Ha 23 anni e da tre è in Italia come richiedente asilo.

E’ insomma il tipico essere umano da tempo ci dicono di odiare. E’ uomo, è nero, è un richiedente asilo. Quindi è ovviamente uno spacciatore, uno stupratore, un assassino, un terrorista, uno che ci ruba il lavoro, che se non fosse per lui l’Italia sarebbe un paradiso.

Ecco, provate a raccontarlo a lei, alla ragazza sulla destra, ai suoi genitori, alla sua famiglia.

Lei, che sabato scorso ha rischiato di affogare tra i cavalloni del mare agitato di Finale Ligure, che non riusciva più a tornare a riva, che non poteva far altro che urlare.

Babacar quelle urla le ha sentite.

E quelle onde le ha viste. Sapeva che avrebbero potuto trascinare a fondo anche lui, ucciderlo.

Però non ci ha pensato un istante.
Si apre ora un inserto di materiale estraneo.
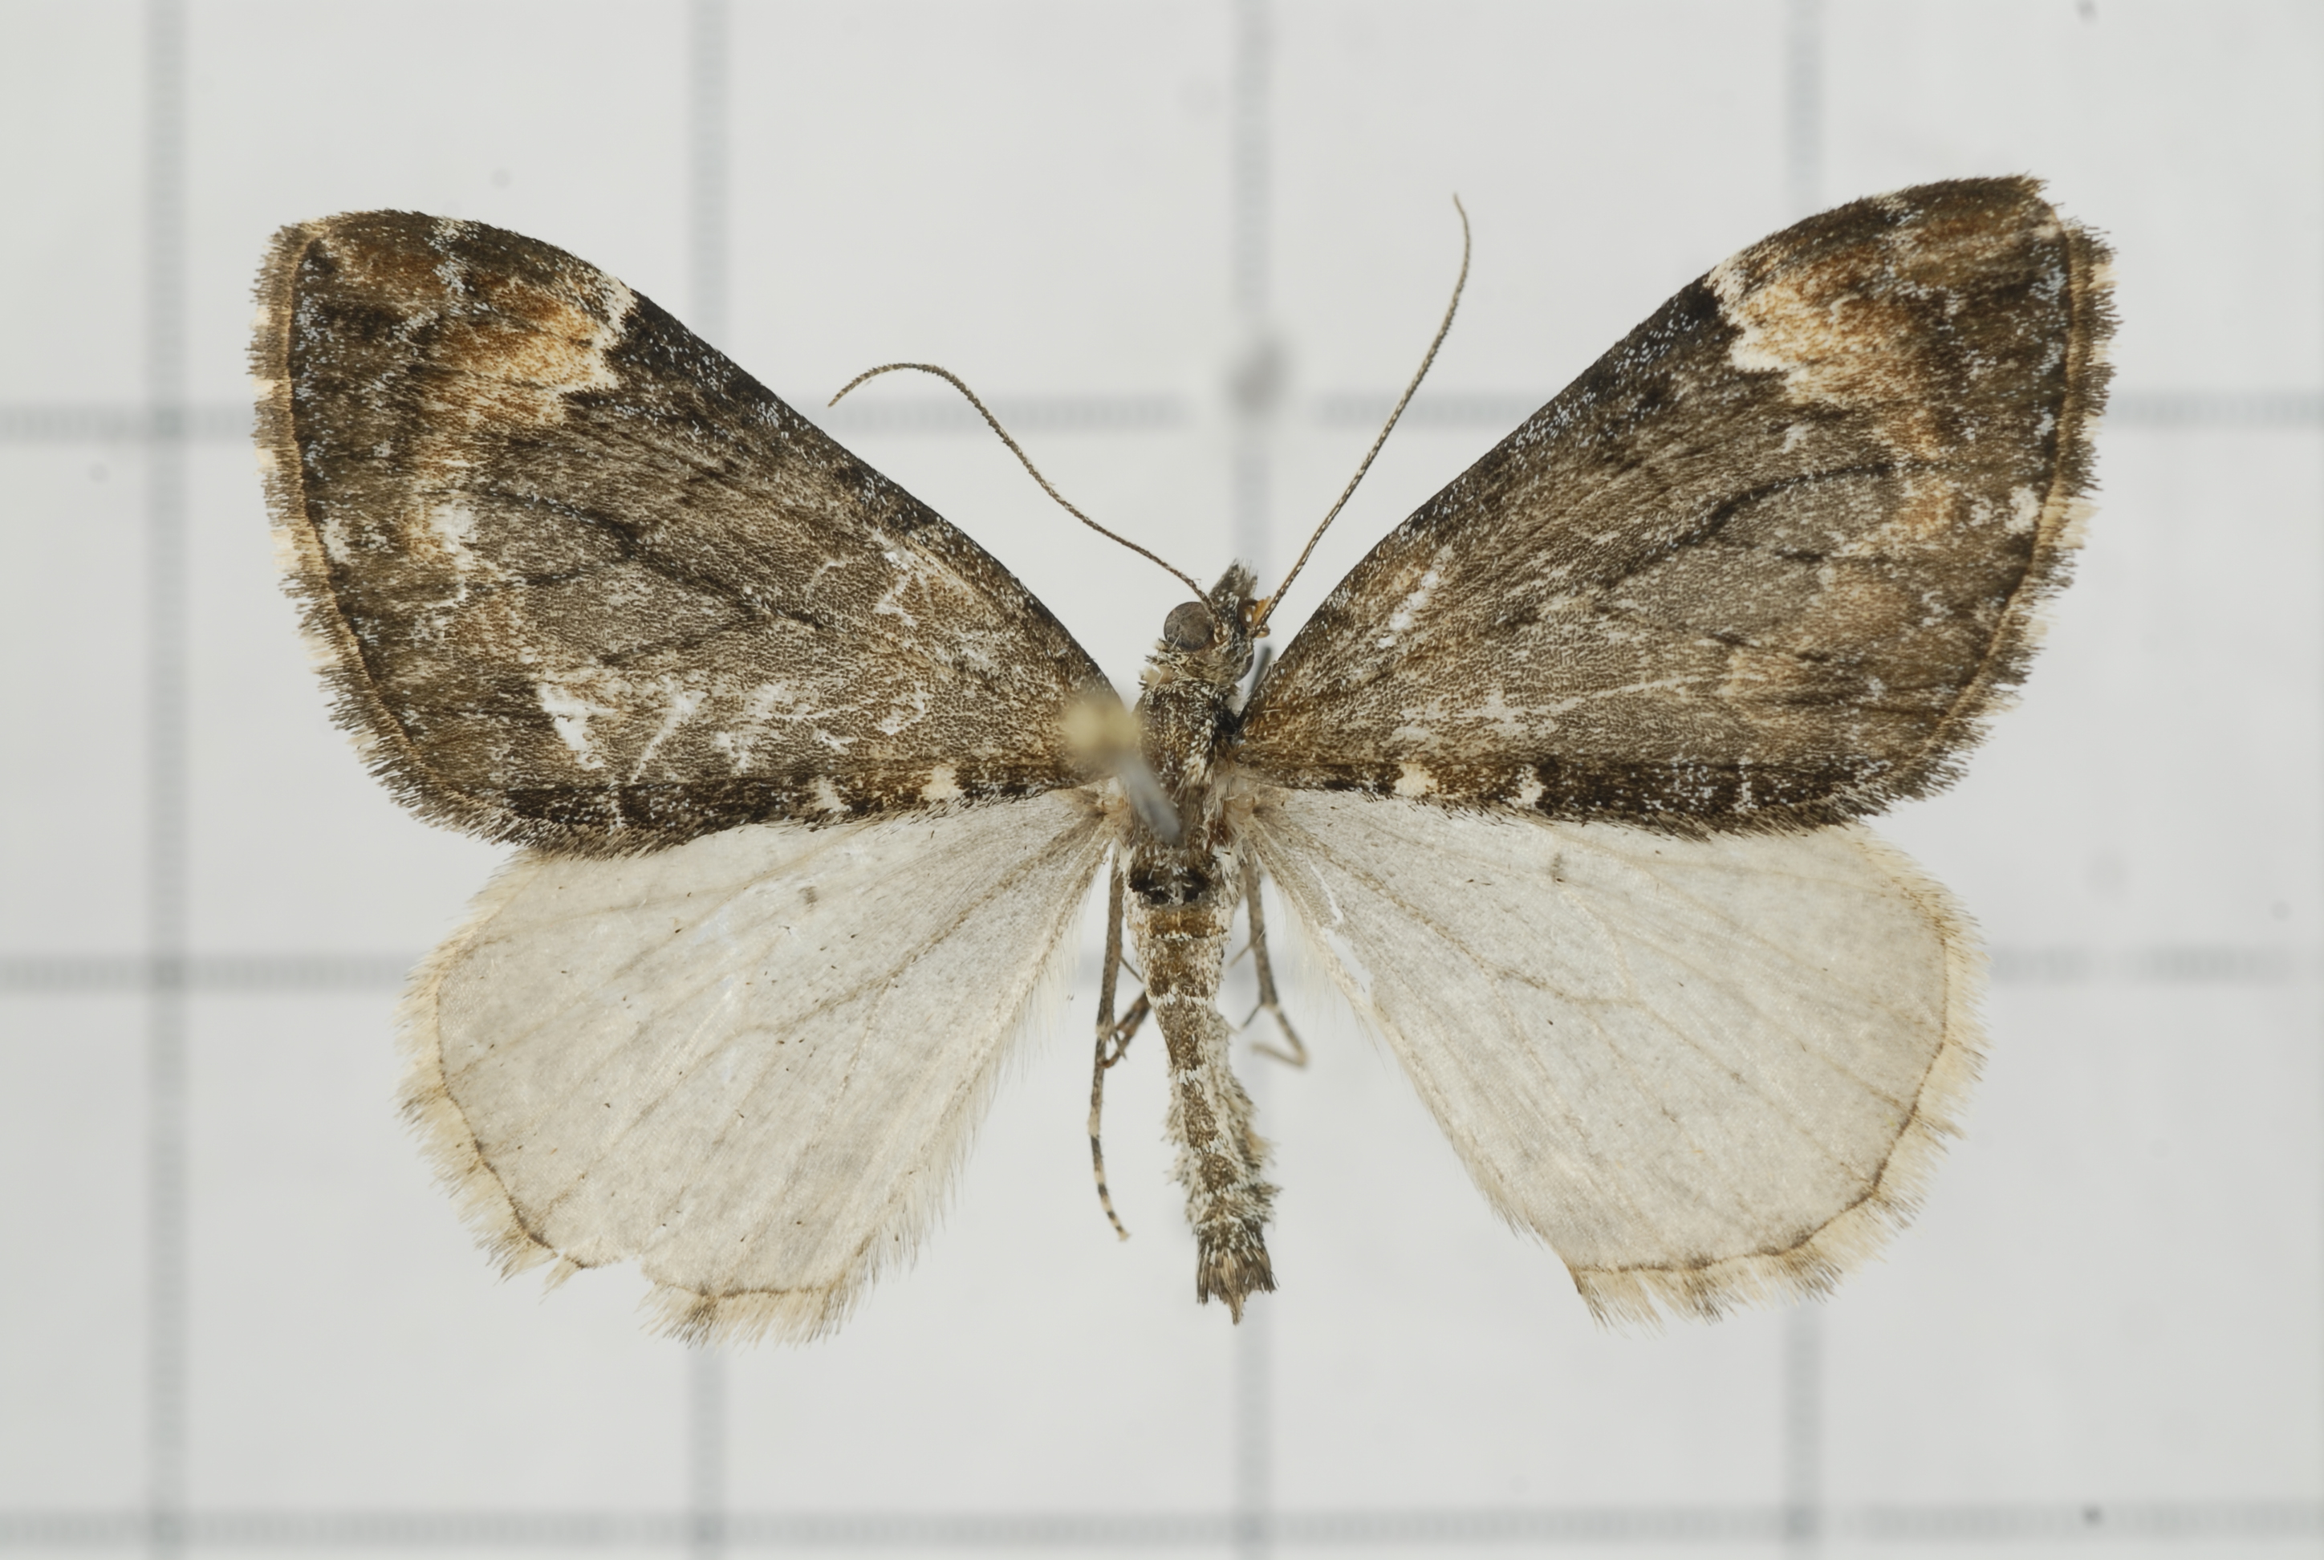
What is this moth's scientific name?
Dysstroma fumata
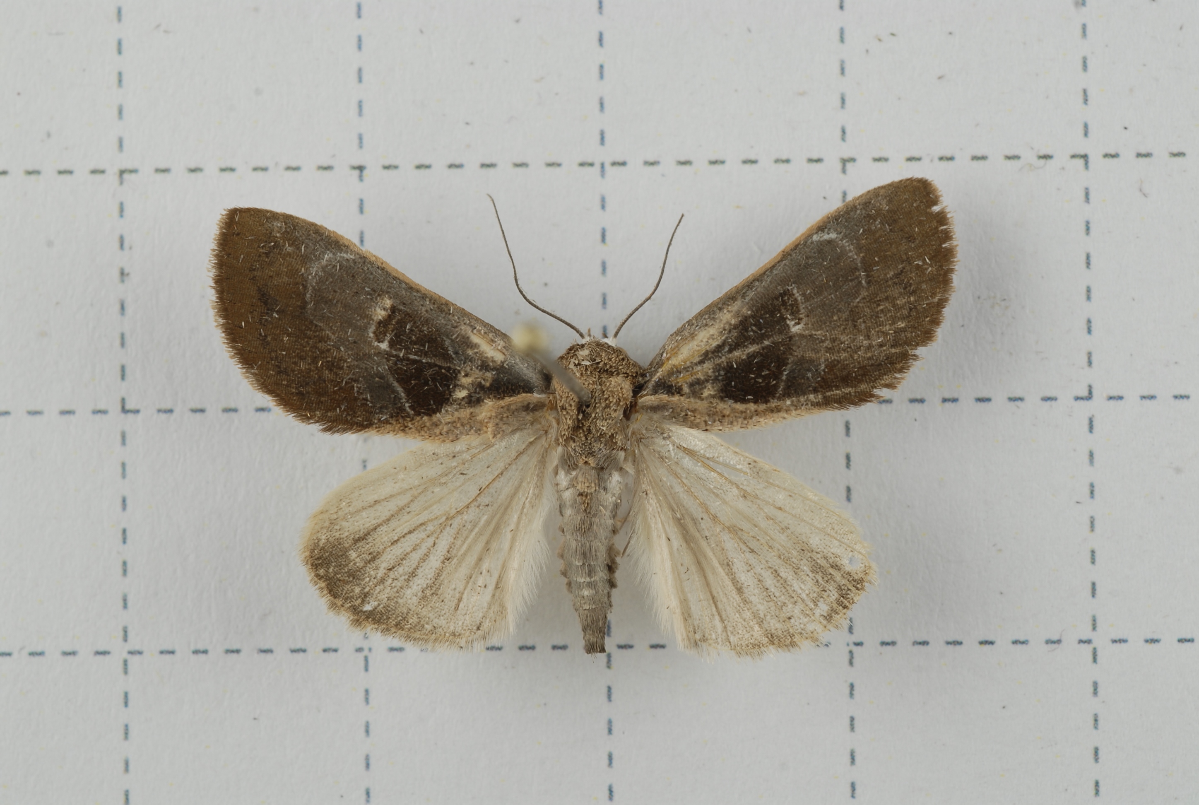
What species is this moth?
Westermannia elliptica elliptica

Si è gettato in mare, ha preso la ragazza, ha rischiato di annegare a sua volta, sfinito dalla fatica.

Ma ha raggiunto la riva, salvando lei e salvando se stesso.

E se lui non fosse stato qui in Italia in quel momento oggi lei sarebbe probabilmente ancora sotto il mare. Una vita sarebbe spezzata. E con la sua quella della propria famiglia.

Quindi tutti i richiedenti asilo sono quindi degli eroi?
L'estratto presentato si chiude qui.